◆ TASK TO CARRY OUT:
The reply should hold every line of the listing exactly, and none of its images.

◆ INFORMATION SUPPLIED:
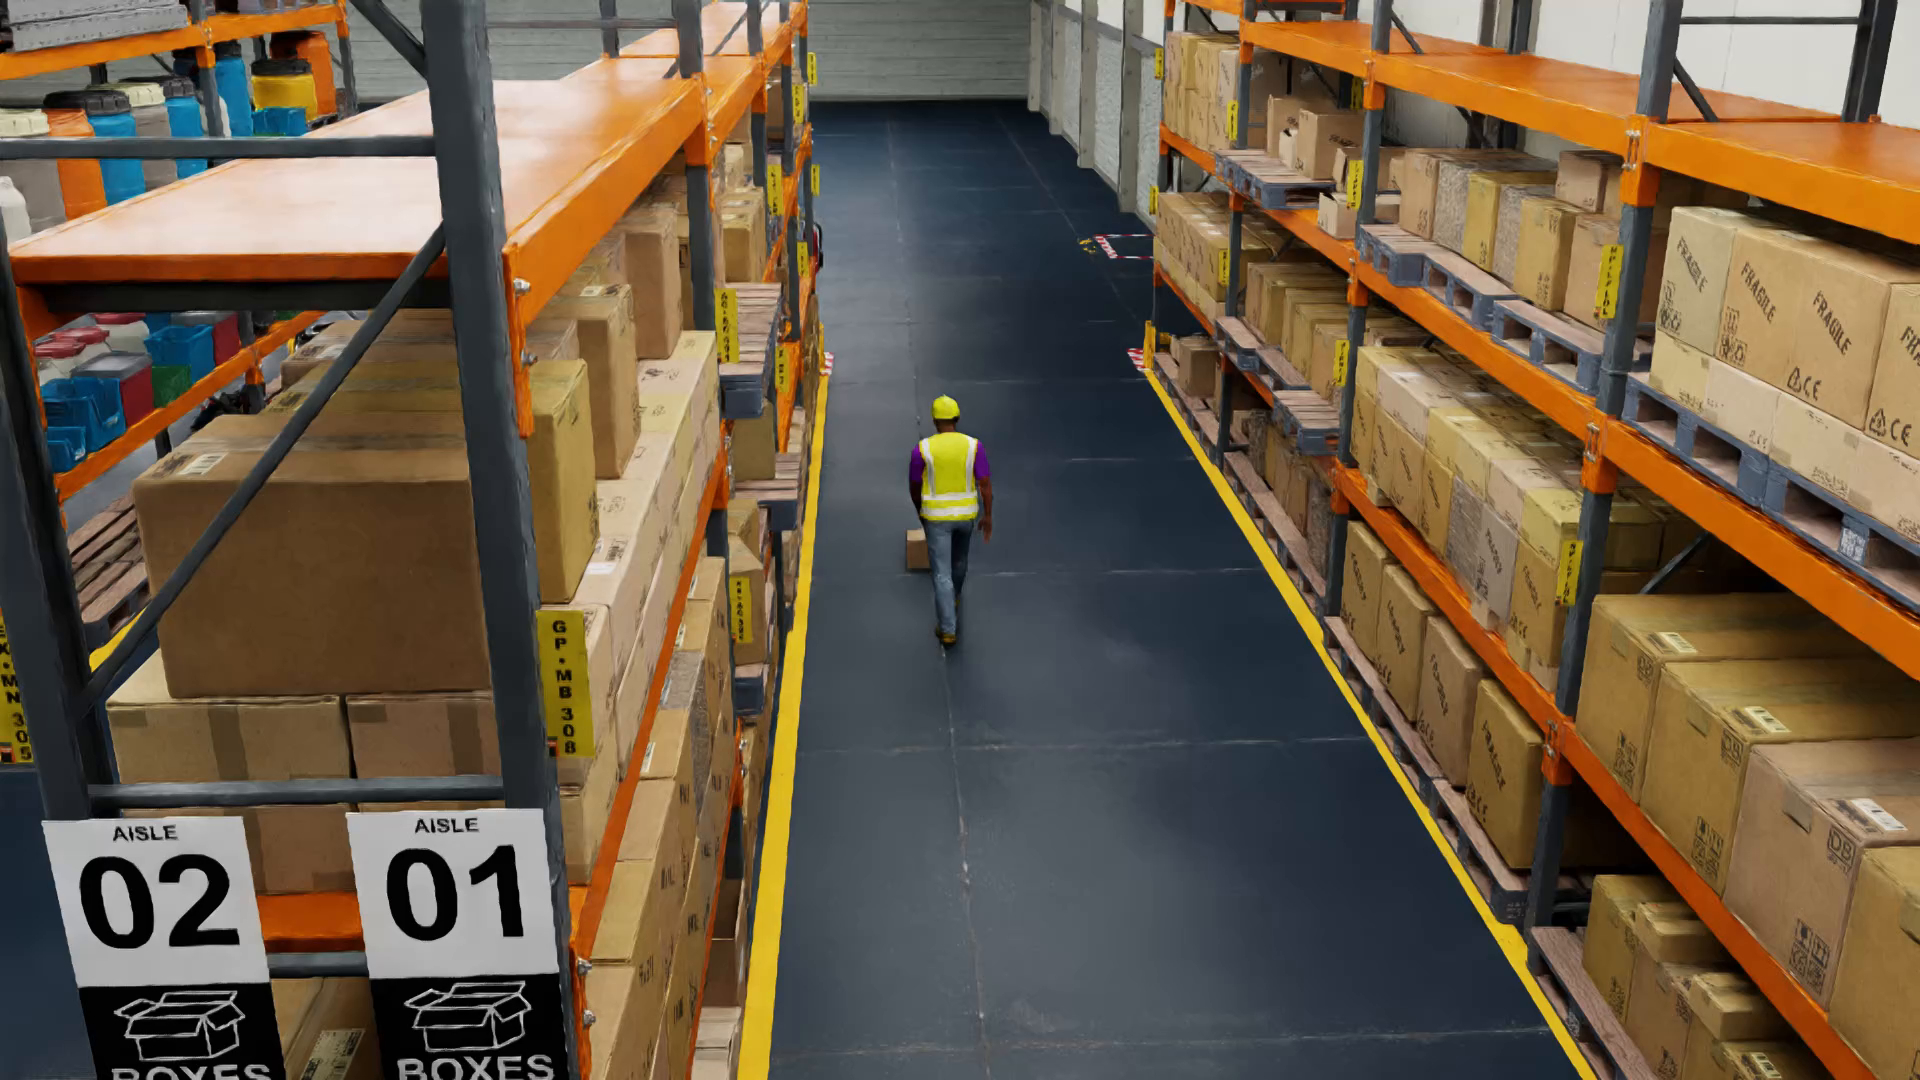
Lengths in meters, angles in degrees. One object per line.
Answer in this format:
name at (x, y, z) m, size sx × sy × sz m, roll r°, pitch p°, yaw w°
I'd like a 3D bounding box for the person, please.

◆ EXERCISE RESULT:
Lengths in meters, angles in degrees. One object per line.
Answer in this format:
name at (x, y, z) m, size sx × sy × sz m, roll r°, pitch p°, yaw w°
I'd like a 3D bounding box for the person, please.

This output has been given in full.